Re: [PATCH] middle-end/113576 - avoid out-of-bound vector element access
Richard Biener writes: > The following avoids accessing out-of-bound vector elements when > native encoding a boolean vector with sub-BITS_PER_UNIT precision > elements. The error was basing the number of elements to extract > on the rounded up total byte size involved and the patch bases > everything on the total number of elements to extract instead. It's too long ago to be certain, but I think this was a deliberate choice. The point of the new vector constant encoding is that it can give an allegedly sensible value for any given index, even out-of-range ones. Since the padding bits are undefined, we should in principle have a free choice of what to use. And for VLA, it's often better to continue the existing pattern rather than force to zero. I don't strongly object to changing it. I think we should be careful about relying on zeroing for correctness though. The bits are in principle undefined and we can't rely on reading zeros from equivalent memory or register values.

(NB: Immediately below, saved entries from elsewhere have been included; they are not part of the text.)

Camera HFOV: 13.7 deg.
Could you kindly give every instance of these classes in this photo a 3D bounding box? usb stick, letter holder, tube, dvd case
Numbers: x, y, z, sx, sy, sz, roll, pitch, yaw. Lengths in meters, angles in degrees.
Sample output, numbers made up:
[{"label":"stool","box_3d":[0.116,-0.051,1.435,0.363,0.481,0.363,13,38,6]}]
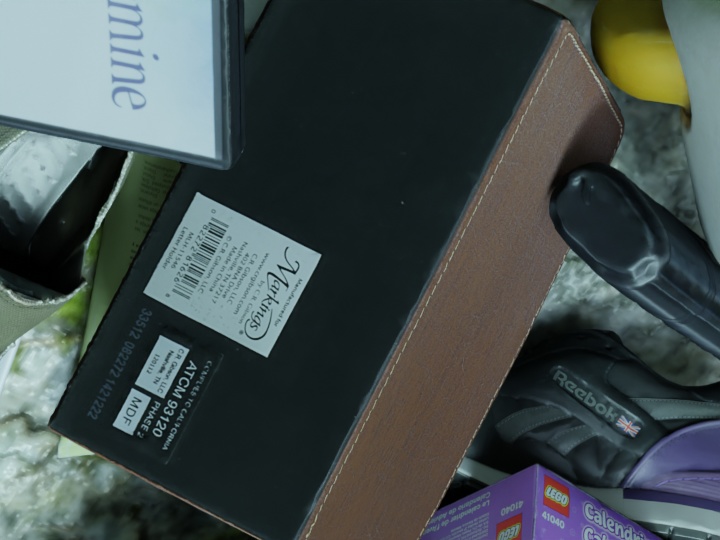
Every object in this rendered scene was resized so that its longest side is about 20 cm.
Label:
[{"label":"usb stick","box_3d":[0.124,0.006,1.109,0.033,0.055,0.200,-47,152,7]},{"label":"letter holder","box_3d":[0.000,0.000,1.054,0.200,0.101,0.142,-63,160,-5]},{"label":"tube","box_3d":[-0.067,-0.014,1.090,0.058,0.052,0.200,18,125,15]},{"label":"dvd case","box_3d":[-0.131,-0.107,0.914,0.200,0.018,0.143,11,131,12]}]

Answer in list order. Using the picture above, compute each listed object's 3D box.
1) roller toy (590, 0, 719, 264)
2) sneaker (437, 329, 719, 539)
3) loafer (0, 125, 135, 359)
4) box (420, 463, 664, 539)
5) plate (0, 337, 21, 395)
[{"label":"roller toy","box_3d":[0.200,-0.078,1.052,0.182,0.200,0.140,-30,126,-21]},{"label":"sneaker","box_3d":[0.065,0.062,1.173,0.200,0.088,0.076,15,153,-7]},{"label":"loafer","box_3d":[-0.136,-0.007,1.015,0.075,0.070,0.200,22,112,-29]},{"label":"box","box_3d":[0.045,0.152,1.178,0.137,0.039,0.200,32,137,-32]},{"label":"plate","box_3d":[-0.207,-0.017,1.048,0.199,0.032,0.200,11,117,-25]}]
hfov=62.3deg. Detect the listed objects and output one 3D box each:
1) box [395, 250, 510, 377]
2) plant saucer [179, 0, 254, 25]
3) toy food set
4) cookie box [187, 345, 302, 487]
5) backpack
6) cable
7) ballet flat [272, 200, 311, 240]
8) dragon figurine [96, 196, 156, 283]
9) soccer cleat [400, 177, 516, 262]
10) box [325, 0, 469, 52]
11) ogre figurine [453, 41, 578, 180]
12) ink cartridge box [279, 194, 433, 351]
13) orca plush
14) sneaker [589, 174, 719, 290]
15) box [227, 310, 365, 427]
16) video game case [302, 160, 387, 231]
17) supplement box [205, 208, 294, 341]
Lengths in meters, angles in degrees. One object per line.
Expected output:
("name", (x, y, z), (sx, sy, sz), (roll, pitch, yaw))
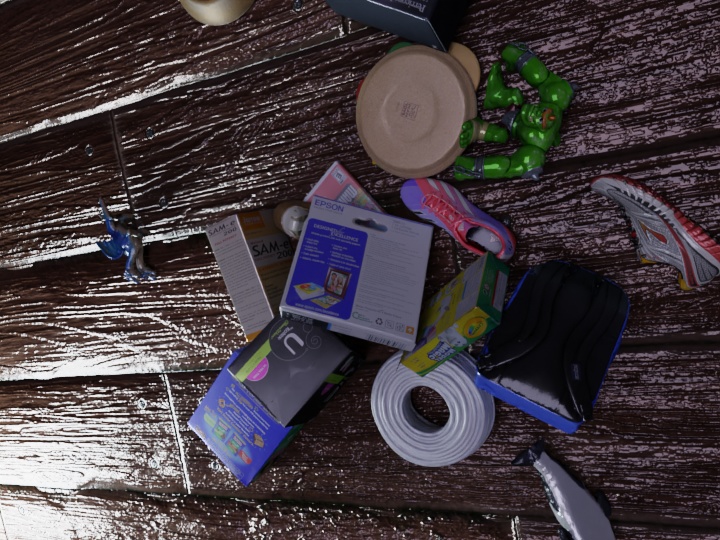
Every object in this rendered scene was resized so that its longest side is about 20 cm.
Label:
("box", (0.127, 0.072, 0.858), (0.048, 0.118, 0.200), (36, 135, -12))
("plant saucer", (-0.252, -0.525, 1.007), (0.199, 0.035, 0.202), (4, 100, 24))
("toy food set", (0.081, -0.241, 0.899), (0.196, 0.049, 0.202), (6, 102, 24))
("cookie box", (-0.200, 0.264, 1.099), (0.171, 0.075, 0.200), (42, 113, 13))
("backpack", (0.258, 0.096, 0.818), (0.162, 0.168, 0.201), (26, 76, 15))
("cable", (0.114, 0.215, 0.952), (0.199, 0.069, 0.202), (-11, 95, 25))
("ballet flat", (-0.071, -0.065, 0.965), (0.199, 0.072, 0.068), (24, 107, 19))
("dragon figurine", (-0.477, -0.059, 1.178), (0.200, 0.059, 0.100), (38, 112, 13))
("soccer cleat", (0.141, -0.078, 0.884), (0.199, 0.076, 0.067), (35, 110, 14))
("box", (0.063, -0.441, 0.814), (0.199, 0.123, 0.200), (27, 100, 19))
("ogre figurine", (0.217, -0.208, 0.818), (0.119, 0.098, 0.201), (23, 69, 22))
("ink cartridge box", (0.000, 0.000, 0.877), (0.197, 0.201, 0.043), (15, 150, -3))
("orca plush", (0.298, 0.355, 0.893), (0.200, 0.105, 0.071), (42, 148, 1))
("sneaker", (0.381, -0.053, 0.780), (0.200, 0.078, 0.082), (43, 114, 12))
("box", (-0.091, 0.147, 0.939), (0.124, 0.200, 0.149), (41, 86, 12))
("video game case", (-0.017, -0.060, 0.992), (0.200, 0.017, 0.143), (48, 114, 9))
("supplement box", (-0.166, 0.004, 1.011), (0.073, 0.126, 0.201), (-20, 91, 27))

Thanks, Richard > > As a side-effect this now consistently results in zeros in the > padding of the last encoded byte which also avoids the failure > mode seen in PR113576. > > Bootstrapped and tested on x86_64-unknown-linux-gnu. > > OK? > > Thanks, > Richard. > > PR middle-end/113576 > * fold-const.cc (native_encode_vector_part): Avoid accessing > out-of-bound elements. > --- > gcc/fold-const.cc | 8 > 1 file changed, 4 insertions(+), 4 deletions(-) > > diff --git a/gcc/fold-const.cc b/gcc/fold-const.cc > index 80e211e18c0..8638757312b 100644 > --- a/gcc/fold-const.cc > +++ b/gcc/fold-const.cc > @@ -8057,13 +8057,13 @@ native_encode_vector_part (const_tree expr, unsigned > char *ptr, int len, > off = 0; > >/* Zero the buffer and then set bits later where necessary. */ > - int extract_bytes = MIN (len, total_bytes - off); > + unsigned elts_per_byte = BITS_PER_UNIT / elt_bits; > + unsigned first_elt = off * elts_per_byte; > + unsigned extract_elts = MIN (len * elts_per_byte, count - first_elt); > + unsigned extract_bytes = CEIL (elt_bits * extract_elts, BITS_PER_UNIT); >if (ptr) > memset (ptr, 0, extract_bytes); > > - unsigned int elts_per_byte = BITS_PER_UNIT / elt_bits; > - unsigned int first_elt = off * elts_per_byte; > - unsigned int extract_elts = extract_bytes * elts_per_byte; >for (unsigned int i = 0; i < extract_elts; ++i) > { > tree elt = VECTOR_CST_ELT (expr, first_elt + i);
Re: [PATCH][GCC 12] aarch64: Avoid out-of-range shrink-wrapped saves [PR111677]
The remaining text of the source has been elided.